These networking certifications will truly test your IT mettle. Experts only!For my money, the two “go-to” entry-level computer networking certifications are CompTIA Network+ and Cisco’s Cisco Certified Entry Networking Technician (CCENT). Those credentials are fine for information technology (IT) newcomers, but today I want to discuss a more pointed question: What are the networking certifications that are most difficult to achieve?

Notice my clause “difficult to achieve.” The seven networking certifications I describe in this article are all considered advanced or expert-level titles, so you can reasonably expect their subject matter to be difficult. I also, however, considered complications such as an expensive lab or classroom training requirements in my calculus.

In point of fact, I know people who work with VMware every day who are unable to certify because they cannot afford the time and cost required in sitting for an authorized VMware training class that partially fulfills the certification’s requirements.

These expert-level networking certifications are neither for the Ethernet networking newcomer, nor for the faint of heart. They target job roles such as the following:

● Information Systems Director
● Network Infrastructure Engineer
● Network Solutions Architect
● Senior Network Administrator
● Senior Wide-Area Networking (WAN) Specialist

Note that I present these seven advanced networking certifications in alphabetical order; the first one listed does not mean that I think it’s the most or least difficult. Moreover, I provide a link to each certification’s page at the vendor’s site. We don’t have the scope to break down every single exam requirement in this single article, so you can learn those details from the vendor.

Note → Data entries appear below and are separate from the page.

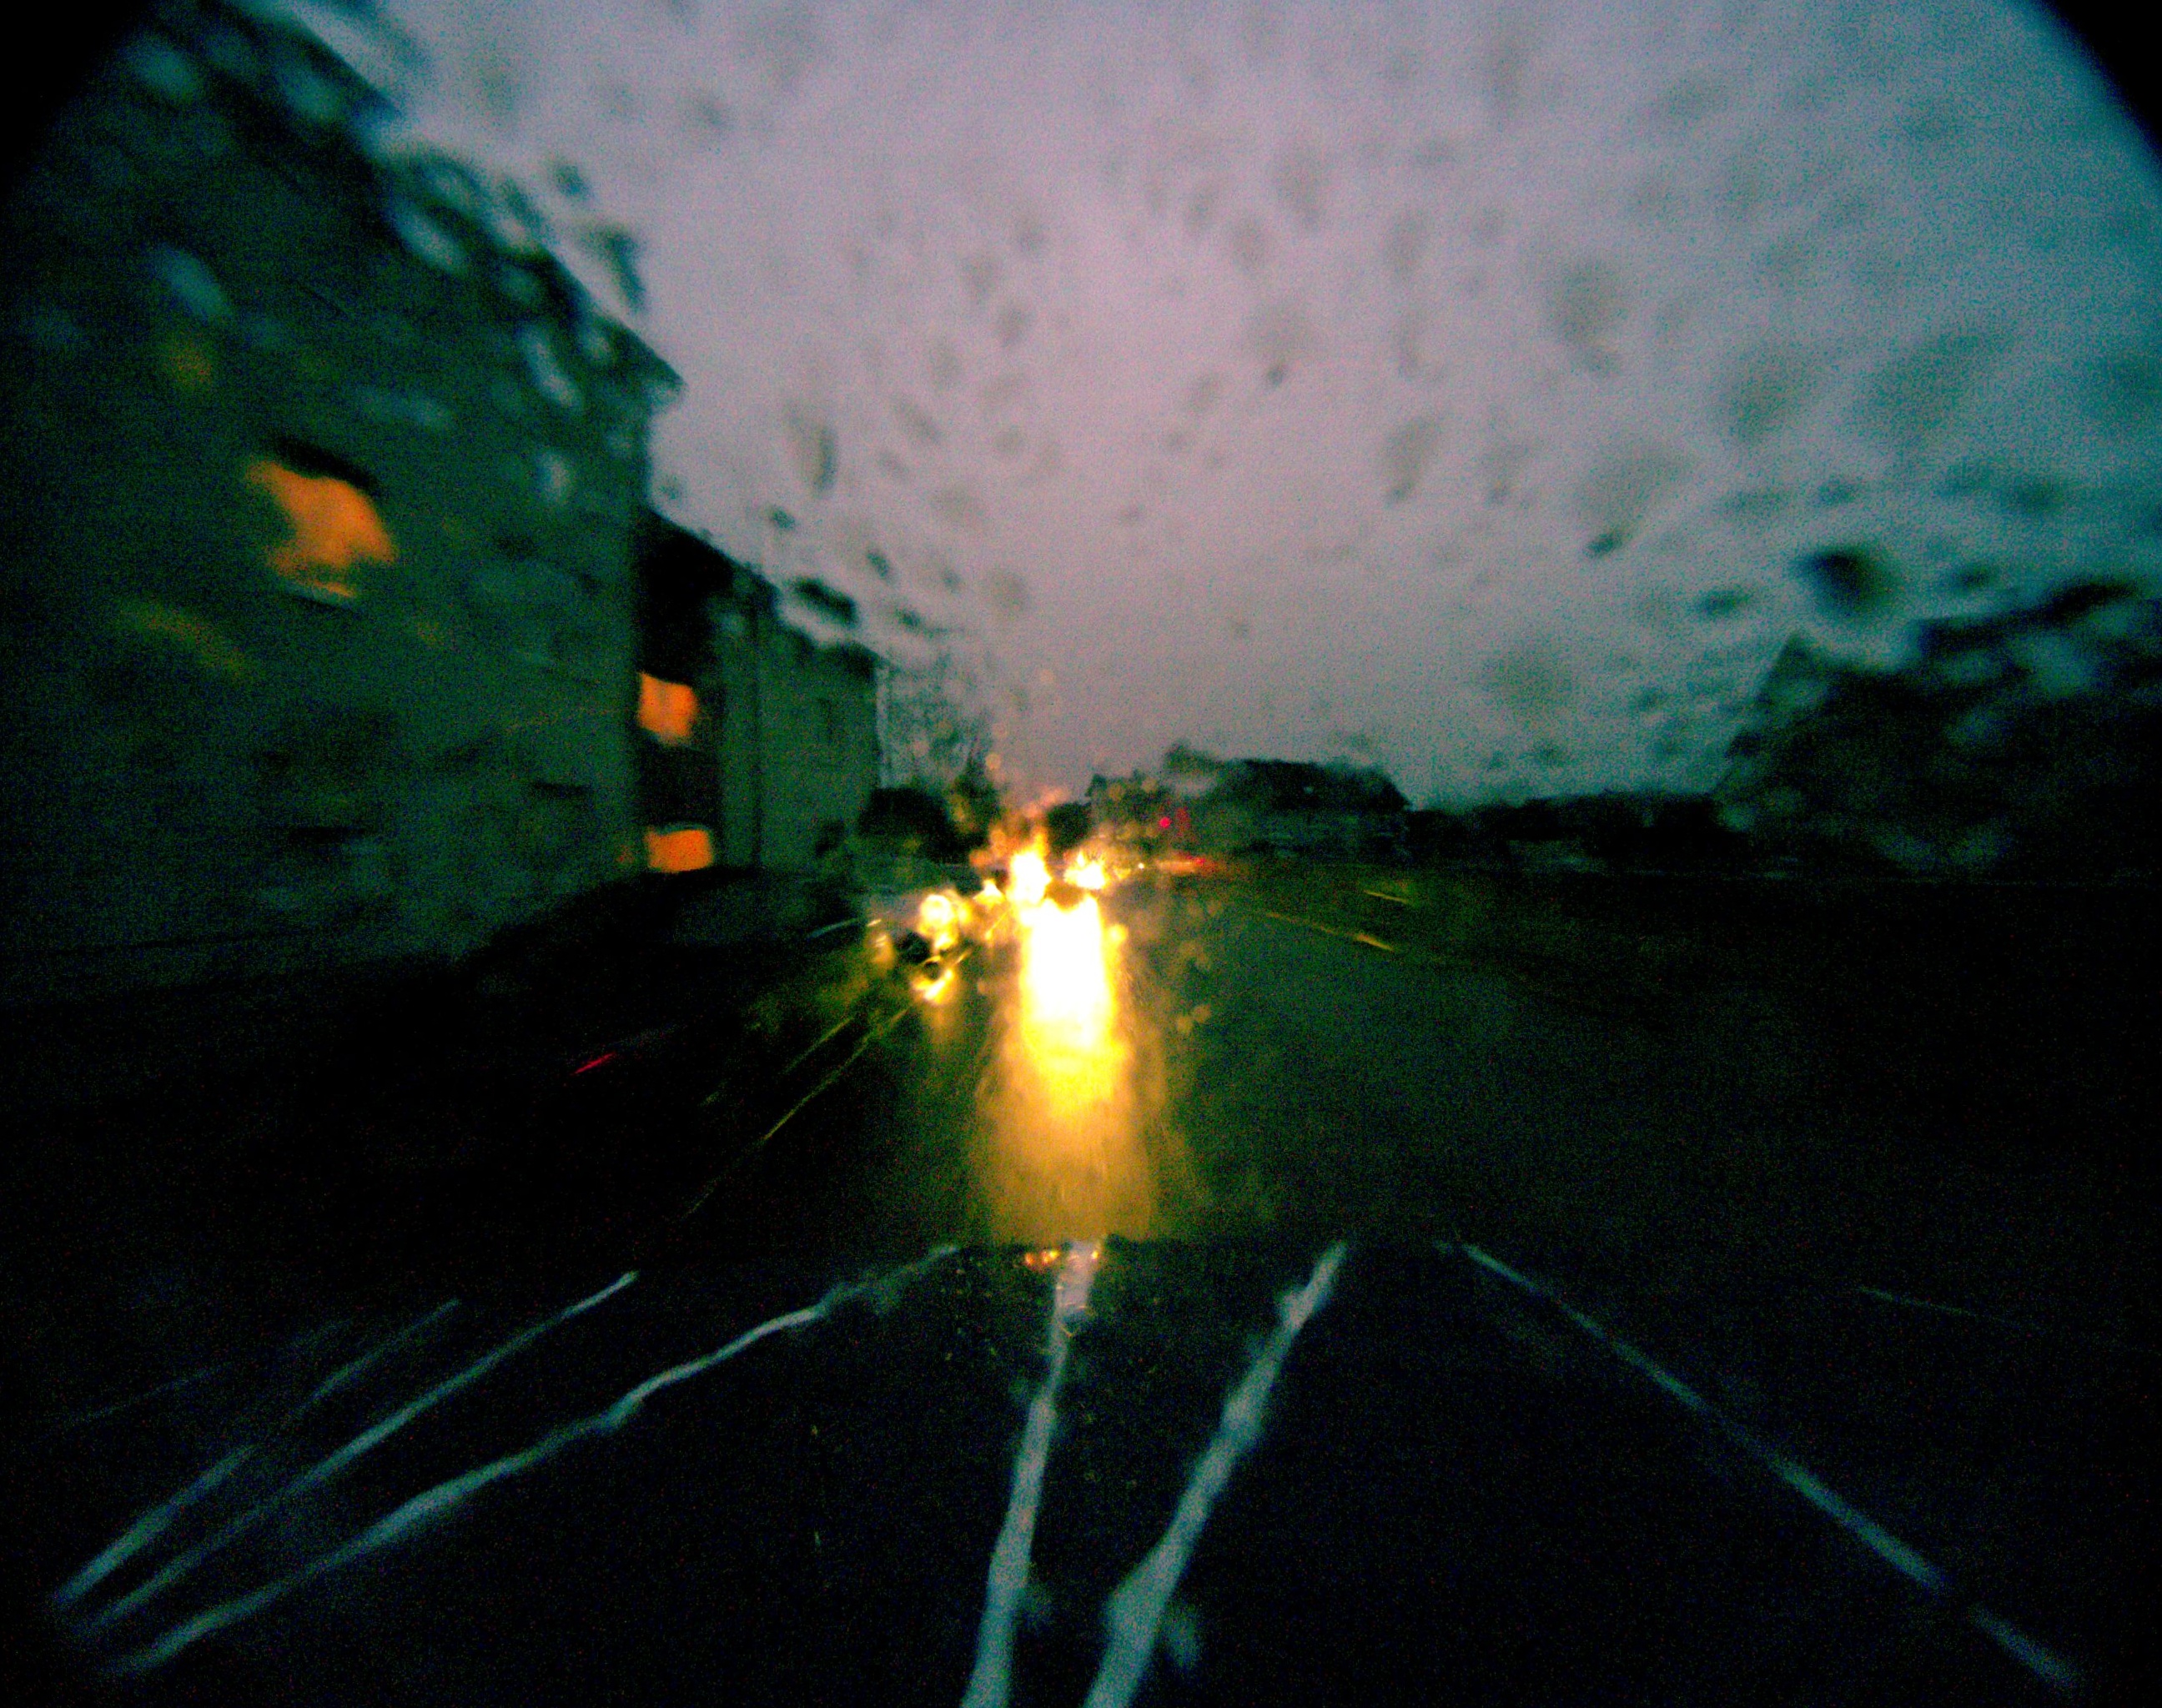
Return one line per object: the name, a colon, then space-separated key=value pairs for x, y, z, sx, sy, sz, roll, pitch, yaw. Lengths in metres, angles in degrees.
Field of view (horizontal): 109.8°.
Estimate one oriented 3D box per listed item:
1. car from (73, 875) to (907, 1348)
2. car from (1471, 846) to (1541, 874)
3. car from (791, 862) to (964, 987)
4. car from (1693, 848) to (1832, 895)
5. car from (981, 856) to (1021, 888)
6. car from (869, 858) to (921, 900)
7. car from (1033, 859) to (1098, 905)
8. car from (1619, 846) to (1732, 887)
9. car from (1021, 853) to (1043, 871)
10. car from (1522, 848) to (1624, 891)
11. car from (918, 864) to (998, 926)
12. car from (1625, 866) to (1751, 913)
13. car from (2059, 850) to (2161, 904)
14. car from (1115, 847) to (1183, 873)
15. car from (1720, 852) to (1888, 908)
car: x=-2.752 y=1.023 z=5.332 sx=1.962 sy=1.523 sz=5.008 roll=-3 pitch=0 yaw=-2
car: x=23.938 y=0.329 z=42.974 sx=1.680 sy=1.406 sz=3.832 roll=-3 pitch=1 yaw=-2
car: x=-3.005 y=0.944 z=12.192 sx=1.669 sy=1.566 sz=4.496 roll=0 pitch=0 yaw=-2
car: x=26.227 y=0.634 z=29.451 sx=1.815 sy=1.637 sz=4.000 roll=-3 pitch=0 yaw=1
car: x=-4.169 y=0.907 z=40.228 sx=1.812 sy=1.555 sz=4.303 roll=0 pitch=0 yaw=-2
car: x=-7.419 y=0.941 z=30.644 sx=1.813 sy=1.543 sz=4.300 roll=0 pitch=0 yaw=-10
car: x=-0.653 y=1.003 z=28.399 sx=2.000 sy=1.525 sz=3.998 roll=-2 pitch=-1 yaw=-6
car: x=26.394 y=0.543 z=33.901 sx=1.840 sy=1.637 sz=4.000 roll=-3 pitch=0 yaw=-1
car: x=-4.727 y=0.809 z=72.596 sx=1.907 sy=1.630 sz=4.565 roll=0 pitch=-1 yaw=-5
car: x=24.162 y=0.713 z=37.538 sx=1.999 sy=1.893 sz=4.356 roll=-3 pitch=0 yaw=-3
car: x=-3.187 y=1.017 z=20.382 sx=1.707 sy=1.443 sz=4.190 roll=0 pitch=0 yaw=-4
car: x=23.711 y=1.338 z=29.903 sx=1.901 sy=1.509 sz=4.000 roll=-3 pitch=1 yaw=4
car: x=33.634 y=0.656 z=23.348 sx=4.032 sy=1.515 sz=1.816 roll=-3 pitch=0 yaw=21
car: x=4.770 y=0.436 z=53.797 sx=4.346 sy=1.611 sz=1.998 roll=-3 pitch=0 yaw=-8
car: x=23.642 y=0.811 z=25.076 sx=1.821 sy=1.614 sz=3.986 roll=-3 pitch=0 yaw=3

My job is to give you an executive summary of what’s available in this niche certification space. Let’s begin!

Amazon Web Services (AWS) Certified Advanced Networking – Specialty

Program page:

Why it’s hard: Previous AWS certification required; five years of advanced AWS experience required

Let’s face it — for many IT professionals, Ethernet networking can be complicated enough to master. Add to that the software-defined networking (SDN) that works in public clouds like AWS or Microsoft Azure, and you find yourself faced with a significant learning curve.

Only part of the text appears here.